O comportamento da rede do Catar, Al Jazeera, foi mais estranho. A Al Jazeera, cujo país desempenhou um papel complicado nas crises do Oriente Médio, como na Síria, afirmou que Israel utilizou um tipo especial de bomba capaz de causar milhares de estilhaços no ataque ao Hospital Batista. No entanto, a Al Jazeera transmitiu um vídeo mostrando que às 18h59 da noite de terça-feira, 10 foguetes foram disparados de Gaza em direção a Israel, e que um deles caiu no Hospital Batista de Gaza. Por outro lado, a equipe de pesquisa da Al Jazeera Digital disse que sua investigação segundo-a-segundo do incidente mostra que Israel atacou a vizinhança do hospital quatro vezes no período que antecedeu a explosão principal, uma das quais causou a tragédia que matou quinhentas pessoas! Esses ataques ocorreram às 18h54:28, 18h55:03, 18h57:42 e 18h58:03, sendo que o último levou ao desastre.

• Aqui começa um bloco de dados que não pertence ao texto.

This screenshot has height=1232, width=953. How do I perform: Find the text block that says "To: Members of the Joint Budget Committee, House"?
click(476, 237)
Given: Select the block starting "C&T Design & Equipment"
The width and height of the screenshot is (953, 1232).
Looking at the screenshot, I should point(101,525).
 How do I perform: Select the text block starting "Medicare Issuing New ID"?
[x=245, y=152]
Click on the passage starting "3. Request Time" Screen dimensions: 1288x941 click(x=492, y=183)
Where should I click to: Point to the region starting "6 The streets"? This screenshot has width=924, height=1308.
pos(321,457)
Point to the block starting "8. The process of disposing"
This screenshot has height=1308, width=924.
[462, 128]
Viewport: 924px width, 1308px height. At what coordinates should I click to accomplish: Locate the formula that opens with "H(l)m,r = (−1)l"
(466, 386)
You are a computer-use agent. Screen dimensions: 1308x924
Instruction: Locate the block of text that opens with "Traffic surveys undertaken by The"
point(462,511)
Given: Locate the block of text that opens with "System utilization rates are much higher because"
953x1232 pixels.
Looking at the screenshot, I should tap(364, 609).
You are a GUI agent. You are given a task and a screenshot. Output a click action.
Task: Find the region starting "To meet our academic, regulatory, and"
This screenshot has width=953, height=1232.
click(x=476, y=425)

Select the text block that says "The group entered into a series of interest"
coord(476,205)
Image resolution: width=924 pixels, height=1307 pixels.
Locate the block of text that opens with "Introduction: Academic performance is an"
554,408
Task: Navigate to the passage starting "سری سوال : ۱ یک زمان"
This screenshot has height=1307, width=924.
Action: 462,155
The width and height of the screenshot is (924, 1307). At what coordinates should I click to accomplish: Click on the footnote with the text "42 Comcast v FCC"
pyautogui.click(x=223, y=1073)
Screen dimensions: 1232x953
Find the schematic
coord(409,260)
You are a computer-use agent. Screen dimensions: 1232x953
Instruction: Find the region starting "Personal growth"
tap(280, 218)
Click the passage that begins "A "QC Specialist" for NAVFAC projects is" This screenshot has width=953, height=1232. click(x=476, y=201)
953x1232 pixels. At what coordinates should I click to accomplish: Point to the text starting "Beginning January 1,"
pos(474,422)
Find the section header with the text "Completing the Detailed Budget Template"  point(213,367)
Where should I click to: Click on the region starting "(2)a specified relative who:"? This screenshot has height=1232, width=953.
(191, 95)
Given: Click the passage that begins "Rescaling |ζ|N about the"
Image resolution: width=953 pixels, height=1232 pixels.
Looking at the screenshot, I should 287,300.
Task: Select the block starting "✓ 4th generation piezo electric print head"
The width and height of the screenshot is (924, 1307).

Tudo isto mostra que pessoas importantes e meios de comunicação da região devem cooperar para descobrir os fatos e que uma equipe de investigação independente, trabalhando sob a supervisão de instituições internacionais, deve examinar o assunto na presença de representantes das partes e informar os resultados à população do mundo. Uma boa organização internacional pode ser o Conselho de Segurança da ONU, que inclui países como os Emirados Árabes Unidos, que geralmente apoiam os palestinos.
Ontem, um oficial do Exército israelense afirmou, em entrevista ao canal de televisão Iran International, que a questão é tão clara que não precisa sequer ser investigada! Qualquer que seja a base deste argumento, é um erro, porque a questão está relacionada à paz e à segurança mundiais e é tão importante que não pode ser ignorada.
É óbvio que qualquer parte que obstrua ou não coopere na realização desta importante investigação deveria se preparar para responder à opinião pública dos povos do mundo.